3.2.3 DP Migration State Machine
The migration UI presents two execution modes for each workflow:
Dual‑run : Tasks run on both old and new clusters simultaneously.
Full migration : After all downstream workflows have been migrated, tasks run only on the new cluster.
Recommended execution options per task type:
MySQL → Hive imports: dual‑run (both clusters pull from the source MySQL).
Hive / SparkSQL: dual‑run.
MapReduce / Spark JAR: user decides based on idempotence and configuration.
Exports: single‑run on the new cluster after Hive table consistency is verified.
3.3 Business‑Side Migration Order
Migration was driven by task dependency layers:
ODS import tasks: full dual‑run.
DW layer (Hive / SparkSQL): dual‑run after Hive table consistency checks.
DM layer tasks: switched to the new cluster once upstream consistency is confirmed.
After all workflows are fully migrated, ODS and DW tasks are paused in the old environment.
MapReduce, Spark JAR, and script tasks require manual assessment.
Process Guarantees
Tool Stability
Metadata sync bugs are detected by comparing DP metadata between environments and raising alerts on mismatches.
Airflow script inconsistencies after publishing are detected by diffing scripts between the two clusters.
After migration the old DP is paused to prevent dirty export data.
Periodic checks ensure workflow pause status matches the database configuration.
Hive Table Consistency
After each dual‑run execution the system records <Task T, Output Table A> for data‑quality checks.

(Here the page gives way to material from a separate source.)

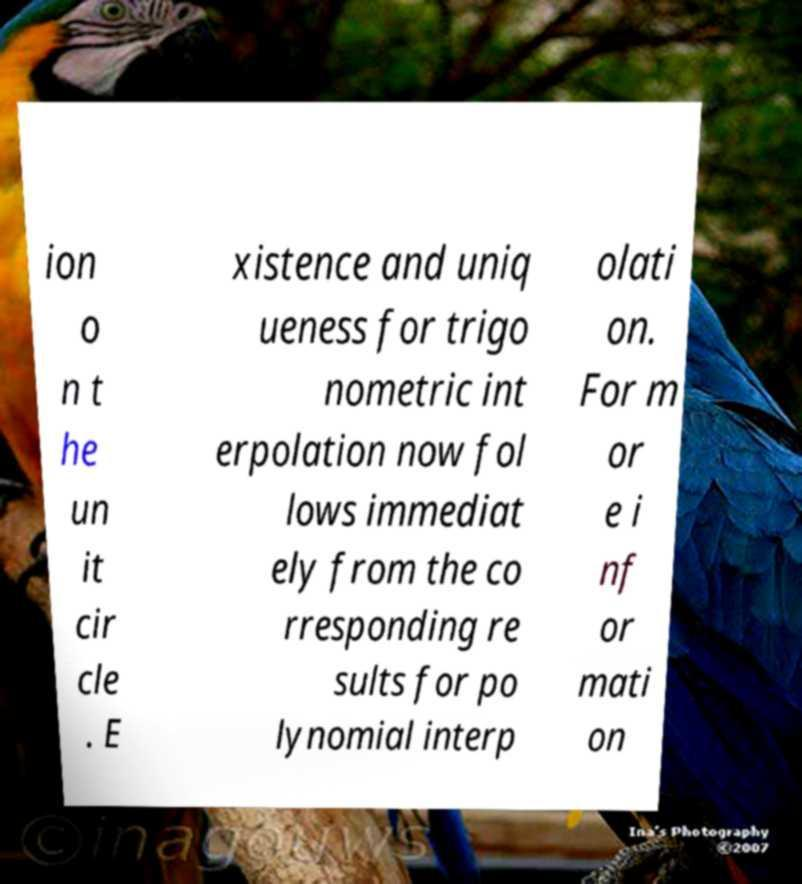There's text embedded in this image that I need extracted. Can you transcribe it verbatim? ion o n t he un it cir cle . E xistence and uniq ueness for trigo nometric int erpolation now fol lows immediat ely from the co rresponding re sults for po lynomial interp olati on. For m or e i nf or mati on

When both old and new tables are ready, a MapReduce job reads the ORC files, uses the user‑defined primary key as the shuffle key, and compares records. Differences are reported to table owners for rapid debugging.
Issues Encountered
Missing -p flag in DistCp caused HDFS file ownership mismatches.
Incorrect DistCp usage overwrote HBase clusterId, breaking cross‑cluster sync.

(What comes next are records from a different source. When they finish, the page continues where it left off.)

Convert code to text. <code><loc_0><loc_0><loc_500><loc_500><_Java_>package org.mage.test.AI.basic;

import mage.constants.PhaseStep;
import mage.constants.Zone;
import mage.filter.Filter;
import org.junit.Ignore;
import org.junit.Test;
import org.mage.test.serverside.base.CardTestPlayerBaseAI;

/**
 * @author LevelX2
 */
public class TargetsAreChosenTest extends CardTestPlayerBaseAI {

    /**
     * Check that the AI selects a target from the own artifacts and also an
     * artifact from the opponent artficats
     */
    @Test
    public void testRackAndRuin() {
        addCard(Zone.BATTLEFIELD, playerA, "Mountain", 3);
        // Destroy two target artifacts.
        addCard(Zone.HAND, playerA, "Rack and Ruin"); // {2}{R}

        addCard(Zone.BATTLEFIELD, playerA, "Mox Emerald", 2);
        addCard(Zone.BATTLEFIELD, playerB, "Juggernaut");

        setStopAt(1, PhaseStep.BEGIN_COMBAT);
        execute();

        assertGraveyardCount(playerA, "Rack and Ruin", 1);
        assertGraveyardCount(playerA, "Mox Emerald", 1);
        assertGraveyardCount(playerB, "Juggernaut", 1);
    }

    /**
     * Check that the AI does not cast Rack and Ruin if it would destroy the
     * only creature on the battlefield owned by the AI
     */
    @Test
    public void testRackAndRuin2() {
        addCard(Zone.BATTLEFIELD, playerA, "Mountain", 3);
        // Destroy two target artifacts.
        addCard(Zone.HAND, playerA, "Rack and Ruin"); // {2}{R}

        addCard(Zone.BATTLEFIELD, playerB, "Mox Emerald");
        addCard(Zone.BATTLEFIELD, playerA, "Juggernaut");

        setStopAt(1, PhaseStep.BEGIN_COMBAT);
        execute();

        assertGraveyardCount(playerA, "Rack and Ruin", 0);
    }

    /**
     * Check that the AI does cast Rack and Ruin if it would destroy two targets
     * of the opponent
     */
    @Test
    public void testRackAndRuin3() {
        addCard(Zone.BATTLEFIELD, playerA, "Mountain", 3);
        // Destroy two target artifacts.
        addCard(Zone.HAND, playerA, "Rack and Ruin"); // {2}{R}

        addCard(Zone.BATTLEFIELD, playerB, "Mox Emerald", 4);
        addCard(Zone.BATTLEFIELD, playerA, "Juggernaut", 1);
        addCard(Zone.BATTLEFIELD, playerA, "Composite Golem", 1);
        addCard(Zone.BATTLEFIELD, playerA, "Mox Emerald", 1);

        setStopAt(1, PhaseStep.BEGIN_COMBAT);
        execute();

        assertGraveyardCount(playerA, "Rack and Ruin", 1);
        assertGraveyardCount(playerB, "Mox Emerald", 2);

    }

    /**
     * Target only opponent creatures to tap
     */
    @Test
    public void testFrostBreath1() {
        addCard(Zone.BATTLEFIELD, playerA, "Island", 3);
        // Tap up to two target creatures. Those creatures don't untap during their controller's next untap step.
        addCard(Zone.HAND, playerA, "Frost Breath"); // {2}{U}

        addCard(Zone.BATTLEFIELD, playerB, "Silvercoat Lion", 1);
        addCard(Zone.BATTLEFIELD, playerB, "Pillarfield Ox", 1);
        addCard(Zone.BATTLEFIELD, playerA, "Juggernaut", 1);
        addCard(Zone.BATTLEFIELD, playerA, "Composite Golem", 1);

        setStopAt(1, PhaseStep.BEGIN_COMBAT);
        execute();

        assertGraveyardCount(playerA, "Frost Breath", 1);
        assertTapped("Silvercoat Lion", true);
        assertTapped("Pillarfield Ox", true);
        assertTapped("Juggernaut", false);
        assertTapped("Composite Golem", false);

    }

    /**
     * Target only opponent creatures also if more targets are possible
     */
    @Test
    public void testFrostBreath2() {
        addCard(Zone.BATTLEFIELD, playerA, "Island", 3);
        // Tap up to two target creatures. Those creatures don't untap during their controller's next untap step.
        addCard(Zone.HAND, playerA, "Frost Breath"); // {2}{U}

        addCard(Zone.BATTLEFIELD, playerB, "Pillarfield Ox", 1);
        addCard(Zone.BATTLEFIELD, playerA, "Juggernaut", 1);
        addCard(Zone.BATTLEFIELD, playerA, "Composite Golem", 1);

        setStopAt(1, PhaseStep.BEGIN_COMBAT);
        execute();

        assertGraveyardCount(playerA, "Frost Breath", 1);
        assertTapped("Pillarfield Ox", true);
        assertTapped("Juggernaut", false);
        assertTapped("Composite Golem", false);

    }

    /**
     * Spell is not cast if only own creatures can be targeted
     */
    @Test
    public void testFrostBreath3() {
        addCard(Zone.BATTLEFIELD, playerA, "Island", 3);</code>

Hive table statistics (e.g., totalSize) were lost after export/import; resolved by running ANALYZE TABLE … COMPUTE STATISTICS post‑copy.
Heavy MapReduce jobs for Hive consistency checks saturated the cluster; they were moved to off‑peak windows.
Circular workflow dependencies blocked dual‑run → full migration; required refactoring of dependencies.
When upstream tasks were re‑run only in the old DP, downstream tasks in the new DP became stale; safeguards were added to synchronize upstream re‑runs.
MapReduce and Spark JAR tasks lacked automatic dependency detection; users were asked to manually declare input/output Hive tables.
Conclusion
The migration spanned six months (four months preparation, two months execution), moving petabytes of data and 40,000 daily tasks with minimal disruption. Success was achieved through thorough option evaluation, a robust DP‑driven migration framework, staged rollout, and proactive issue resolution. Future work includes tighter platform governance to avoid environment‑specific code coupling, further automation to make migrations transparent to end users, and exploring single‑cluster capabilities for bandwidth‑constrained scenarios.